== Required action ==
Take every line in the entries that includes the word "this" and copy it.

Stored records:

▶

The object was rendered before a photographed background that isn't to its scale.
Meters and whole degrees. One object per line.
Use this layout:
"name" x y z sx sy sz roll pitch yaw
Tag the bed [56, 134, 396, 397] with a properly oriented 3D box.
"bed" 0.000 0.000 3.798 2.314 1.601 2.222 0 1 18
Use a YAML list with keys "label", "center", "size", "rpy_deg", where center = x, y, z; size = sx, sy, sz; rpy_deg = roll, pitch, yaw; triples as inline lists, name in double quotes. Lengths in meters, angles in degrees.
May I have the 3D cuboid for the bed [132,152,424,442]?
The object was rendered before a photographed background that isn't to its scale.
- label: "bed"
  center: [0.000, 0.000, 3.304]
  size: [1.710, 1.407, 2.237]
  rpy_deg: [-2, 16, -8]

◀
▶

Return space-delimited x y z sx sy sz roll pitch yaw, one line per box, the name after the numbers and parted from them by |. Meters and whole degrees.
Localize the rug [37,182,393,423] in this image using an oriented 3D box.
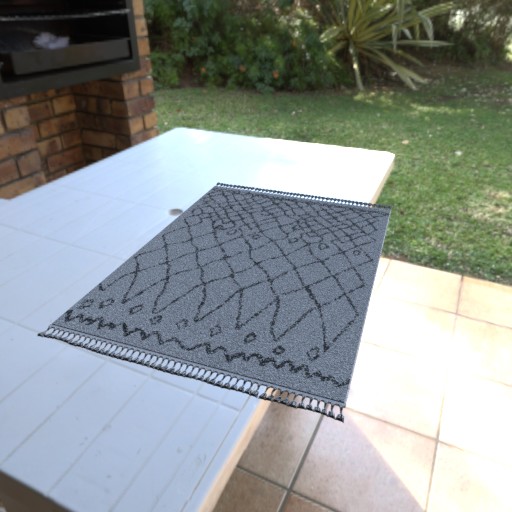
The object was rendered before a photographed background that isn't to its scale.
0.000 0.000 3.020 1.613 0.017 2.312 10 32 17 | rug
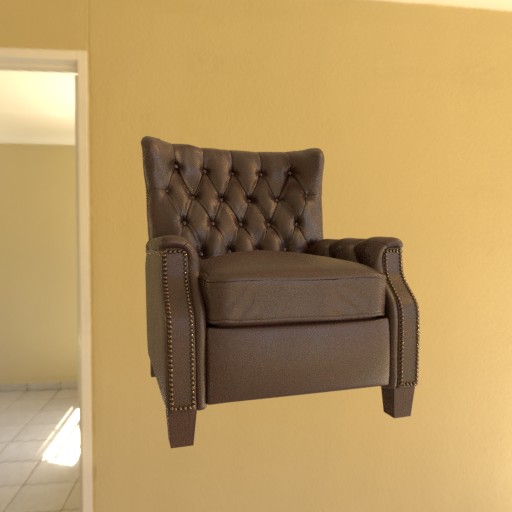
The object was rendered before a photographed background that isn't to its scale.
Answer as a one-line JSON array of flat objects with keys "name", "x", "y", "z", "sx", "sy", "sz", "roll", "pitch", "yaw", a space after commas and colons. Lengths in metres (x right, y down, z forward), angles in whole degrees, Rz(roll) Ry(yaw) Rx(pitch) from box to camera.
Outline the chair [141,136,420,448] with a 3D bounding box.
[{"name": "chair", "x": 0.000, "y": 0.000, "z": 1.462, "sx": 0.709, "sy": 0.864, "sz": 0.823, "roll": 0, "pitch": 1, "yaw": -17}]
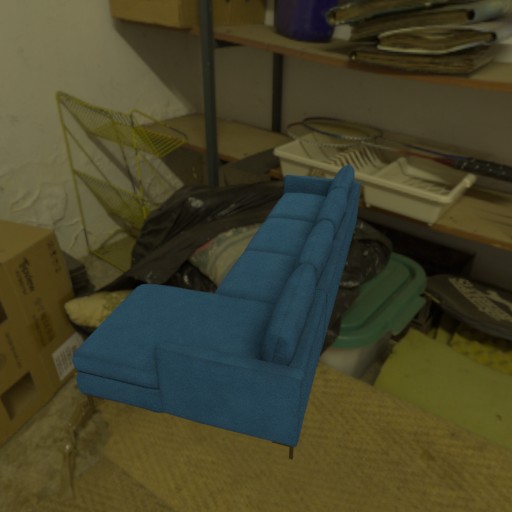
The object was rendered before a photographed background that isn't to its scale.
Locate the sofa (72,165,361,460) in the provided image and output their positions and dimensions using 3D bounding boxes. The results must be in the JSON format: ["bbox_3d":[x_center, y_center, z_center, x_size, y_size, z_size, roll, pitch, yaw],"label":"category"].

◀

== Expected output ==
Use this layout:
Localize the rug [37,182,393,423] in this image using an oriented 3D box.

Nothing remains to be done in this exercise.